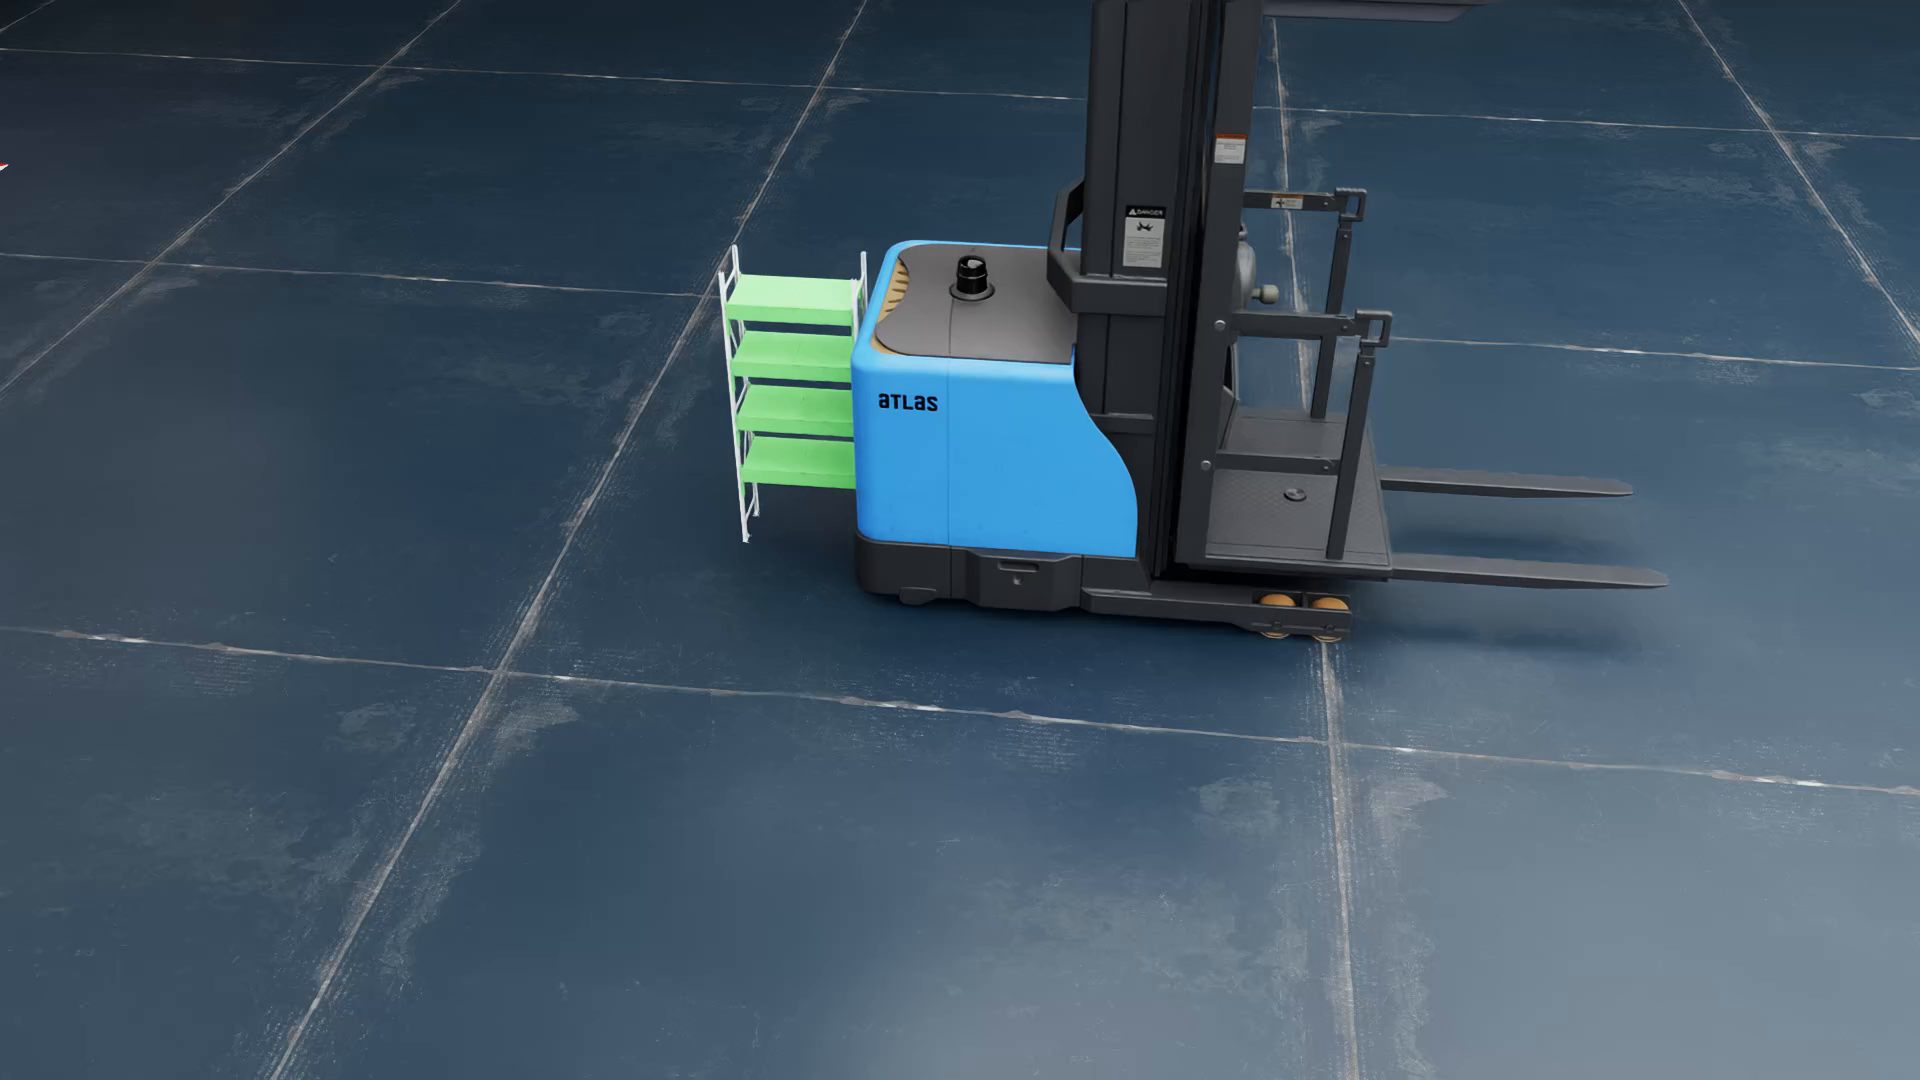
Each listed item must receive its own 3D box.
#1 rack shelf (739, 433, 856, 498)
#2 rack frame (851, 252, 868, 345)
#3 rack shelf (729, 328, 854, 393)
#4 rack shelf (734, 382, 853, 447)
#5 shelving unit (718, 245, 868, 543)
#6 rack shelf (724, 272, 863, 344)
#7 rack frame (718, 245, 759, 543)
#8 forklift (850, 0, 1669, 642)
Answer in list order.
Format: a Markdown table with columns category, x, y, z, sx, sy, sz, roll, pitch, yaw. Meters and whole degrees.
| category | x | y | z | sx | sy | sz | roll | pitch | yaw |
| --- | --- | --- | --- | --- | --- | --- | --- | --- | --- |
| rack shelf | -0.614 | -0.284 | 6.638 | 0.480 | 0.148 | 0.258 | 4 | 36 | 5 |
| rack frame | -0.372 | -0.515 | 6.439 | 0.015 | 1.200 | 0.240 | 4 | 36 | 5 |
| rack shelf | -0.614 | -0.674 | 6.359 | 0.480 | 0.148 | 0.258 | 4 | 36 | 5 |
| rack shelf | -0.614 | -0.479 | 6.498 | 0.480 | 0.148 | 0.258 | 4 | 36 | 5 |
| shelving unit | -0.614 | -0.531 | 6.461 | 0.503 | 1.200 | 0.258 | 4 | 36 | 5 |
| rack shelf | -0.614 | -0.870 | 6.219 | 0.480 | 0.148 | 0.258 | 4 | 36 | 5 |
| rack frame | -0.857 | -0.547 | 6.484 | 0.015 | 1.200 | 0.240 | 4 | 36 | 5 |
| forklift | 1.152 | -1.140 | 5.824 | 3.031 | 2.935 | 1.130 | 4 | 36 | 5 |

EXERCISE GOAL: Repeat every line above exactly, minus the pictures.

SOLUTION TO THE PROBLEM:
Each listed item must receive its own 3D box.
#1 rack shelf (739, 433, 856, 498)
#2 rack frame (851, 252, 868, 345)
#3 rack shelf (729, 328, 854, 393)
#4 rack shelf (734, 382, 853, 447)
#5 shelving unit (718, 245, 868, 543)
#6 rack shelf (724, 272, 863, 344)
#7 rack frame (718, 245, 759, 543)
#8 forklift (850, 0, 1669, 642)
Answer in list order.
Format: a Markdown table with columns category, x, y, z, sx, sy, sz, roll, pitch, yaw. Meters and whole degrees.
| category | x | y | z | sx | sy | sz | roll | pitch | yaw |
| --- | --- | --- | --- | --- | --- | --- | --- | --- | --- |
| rack shelf | -0.614 | -0.284 | 6.638 | 0.480 | 0.148 | 0.258 | 4 | 36 | 5 |
| rack frame | -0.372 | -0.515 | 6.439 | 0.015 | 1.200 | 0.240 | 4 | 36 | 5 |
| rack shelf | -0.614 | -0.674 | 6.359 | 0.480 | 0.148 | 0.258 | 4 | 36 | 5 |
| rack shelf | -0.614 | -0.479 | 6.498 | 0.480 | 0.148 | 0.258 | 4 | 36 | 5 |
| shelving unit | -0.614 | -0.531 | 6.461 | 0.503 | 1.200 | 0.258 | 4 | 36 | 5 |
| rack shelf | -0.614 | -0.870 | 6.219 | 0.480 | 0.148 | 0.258 | 4 | 36 | 5 |
| rack frame | -0.857 | -0.547 | 6.484 | 0.015 | 1.200 | 0.240 | 4 | 36 | 5 |
| forklift | 1.152 | -1.140 | 5.824 | 3.031 | 2.935 | 1.130 | 4 | 36 | 5 |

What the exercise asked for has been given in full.